I am a big believer in the power of the community. The best organizations I know of, either attracted a vibrant community or they came out of one.

Once an organization rises from the embers of the community, it’s easy for it to lose track of where they came from.

Communities are the blood of any industry. They support, they police, and they serve as seeders for the industry. They also act as information highways, data veins, where all gossip, good and bad permeates the substrate. The community provides industry with capillarity. It allows its organizations, to reach far and wide. To achieve access to resources, they wouldn’t reach otherwise.

Taking care of the community is critical for the long-term survival of any organization in its midst.

But community is also a hungry child. It requires that we feed it and take care of it. The primary currency is the “quid-pro-quo, and pure altruistic gestures get you a long way. Taking care of the community is critical for the long-term survival of any organization in its midst.

When organizations grow, new people get hired. People that, for good or bad, aren’t always part of the community. Some of them tune in with the vibes, others don’t and won’t.

As the hierarchy grows, the distance between the community link in the company and the community itself widens. The team starts delegating tasks to junior members. Juniors will ignore the warnings of the community and will shield themselves behind the transient brand power. They’ll lash out, strike back and, in their ignorance, cover themselves with the mantle of ego.

“We got here; we’re the reference brand, we deserve to be here, who are you to tell me what to do?”

Some years ago, Umberto Eco warned about the problems of forgetting our history. Some organizations, under the historic Alzheimer fog, will engage in extensive bridge-burning tactics.

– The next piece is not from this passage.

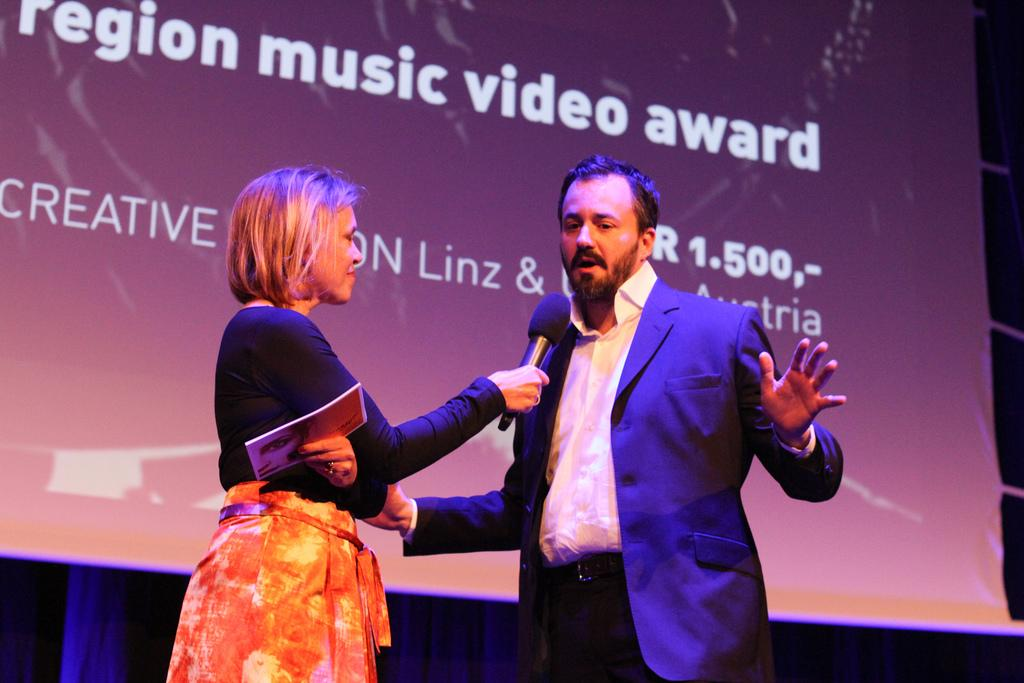How many people are present in the image? There are two people in the image. What is one of the people holding? One of the people is holding a mic and a paper. What can be seen in the background of the image? There is a screen and a curtain in the background of the image. What is visible on the screen? There is text visible on the screen. Can you tell me how many hens are visible on the screen in the image? There are no hens visible on the screen or in the image; the screen displays text. What type of mouth expression does the person holding the mic have? The image does not show the person's mouth expression, as it only displays the person holding a mic and a paper.

“The problem that comes into play is that no culture (in the anthropological sense of the world, as a system of scientific and artistic ideas, myths, religions, values and everyday customs) can subsist and survive without a collective memory. Societies have always relied on memory in order to preserve their own identity, beginning with the old man who, seating under a tree, told stories about the exploits of his ancestors and the founding myth of the tribe. And when some act of censorship wipes out a section of a society’s memory, this society undergoes an identity crisis.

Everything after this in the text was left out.